Parameterized Restless Temporal Path

TL;DR

This paper investigates the parameterized complexity of restless temporal paths in temporal graphs, showing NP-hardness in the interval model but providing fixed-parameter tractable algorithms for the point model with various delay conditions.

Contribution

It introduces FPT algorithms for restless temporal paths in the point model and establishes NP-hardness in the interval model, advancing understanding of temporal graph reachability.

Findings

NP-hardness in the interval model for vertex-interval-membership-width of three.

FPT algorithms for the point model with uniform delay one.

FPT algorithms for the point model with arbitrary positive delays.

Abstract

Recently, Bumpus and Meeks introduced a purely temporal parameter, called vertex-interval-membership-width, which is promising for the design of fixed-parameter tractable (FPT) algorithms for vertex reachability problems in temporal graphs.

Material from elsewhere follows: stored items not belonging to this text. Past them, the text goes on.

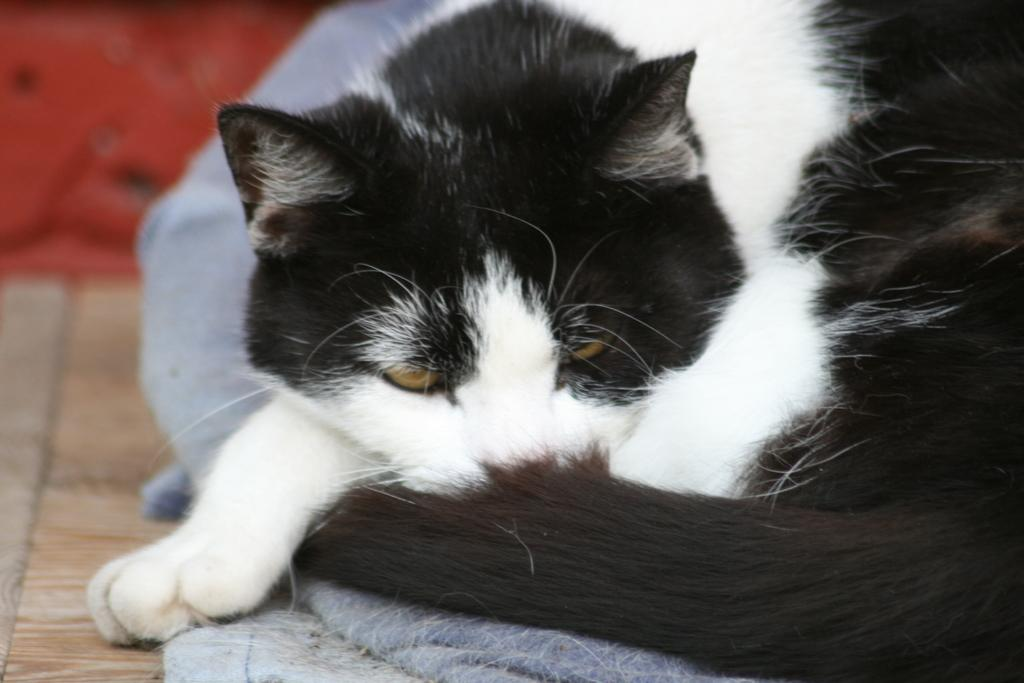Where was the image taken? The image is taken indoors. What can be seen at the bottom of the image? There is a floor visible at the bottom of the image. What animal is on the right side of the image? There is a cat on the right side of the image. What is the cat sitting on? The cat is on a towel. What is visible in the background of the image? There is a wall in the background of the image. What nation is the woman from in the image? There is no woman present in the image, only a cat on a towel. 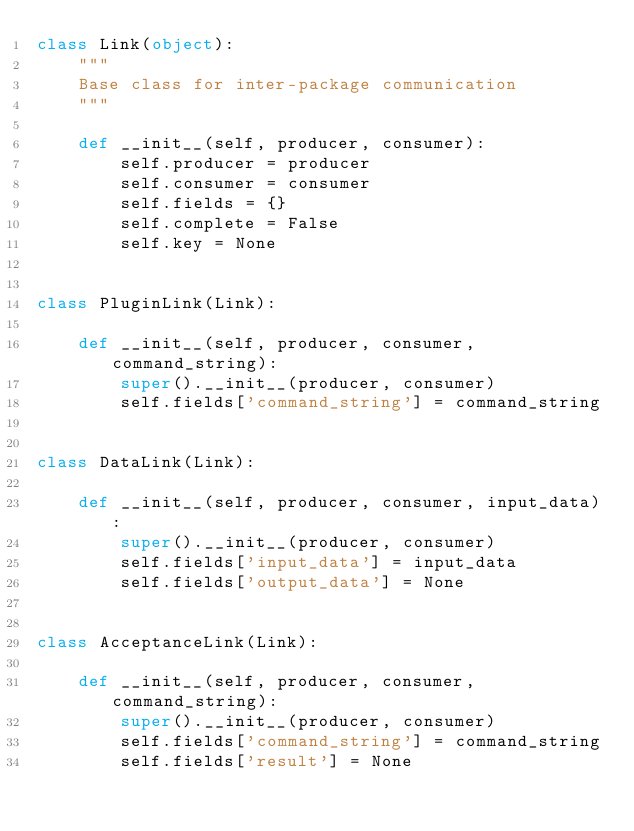<code> <loc_0><loc_0><loc_500><loc_500><_Python_>class Link(object):
    """
    Base class for inter-package communication
    """

    def __init__(self, producer, consumer):
        self.producer = producer
        self.consumer = consumer
        self.fields = {}
        self.complete = False
        self.key = None


class PluginLink(Link):

    def __init__(self, producer, consumer, command_string):
        super().__init__(producer, consumer)
        self.fields['command_string'] = command_string


class DataLink(Link):

    def __init__(self, producer, consumer, input_data):
        super().__init__(producer, consumer)
        self.fields['input_data'] = input_data
        self.fields['output_data'] = None


class AcceptanceLink(Link):

    def __init__(self, producer, consumer, command_string):
        super().__init__(producer, consumer)
        self.fields['command_string'] = command_string
        self.fields['result'] = None
</code> 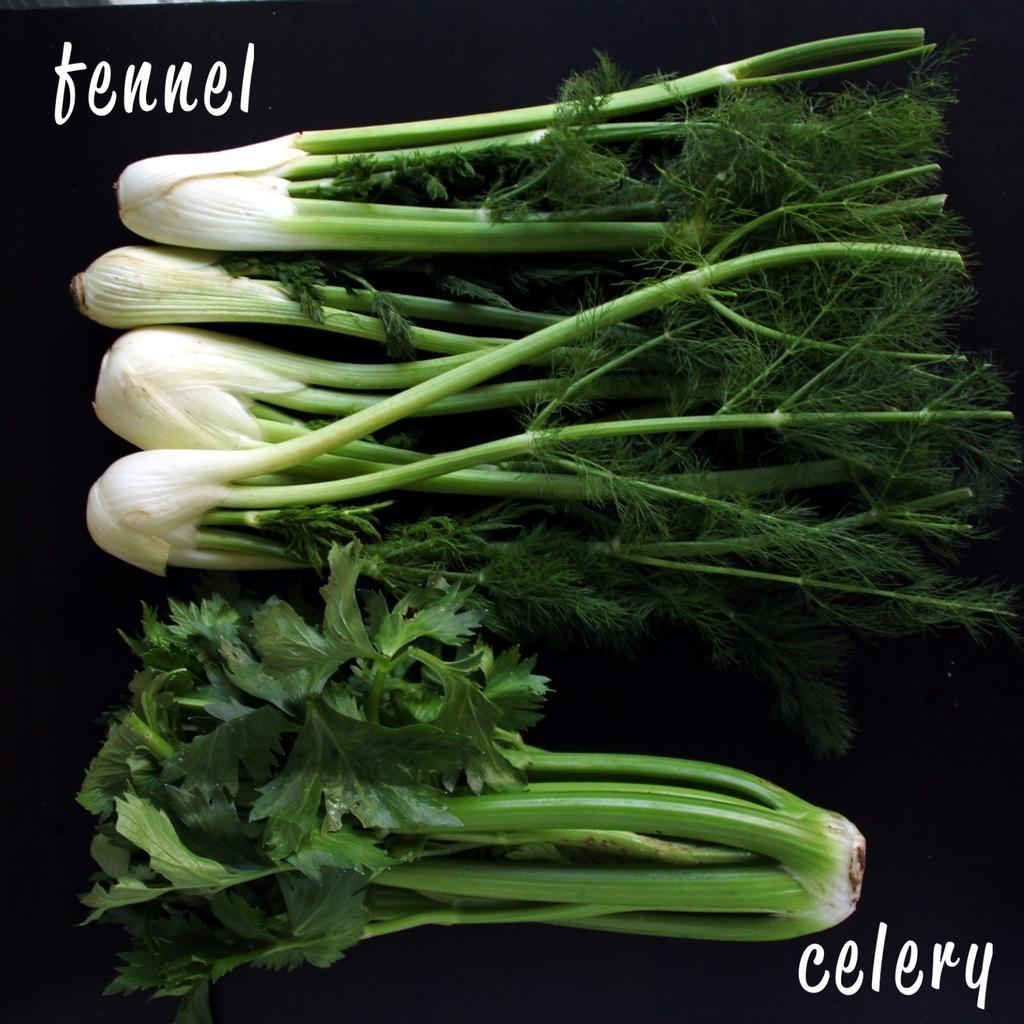How would you summarize this image in a sentence or two? In this picture we can see some radishes here, we can see a dark background, there is some text here.

We study this newly introduced parameter for the problem of restless temporal paths, in which the waiting time at each node is restricted. In this article, we prove that, in the interval model, where arcs are present for entire time intervals, finding a restless temporal path is NP-hard even if the vertex-interval-membership-width is equal to three. We exhibit FPT algorithms for the point model, where arcs are present at specific points in time, both with uniform delay one and arbitrary positive delays. In the latter case, this comes with a slight additional computational cost.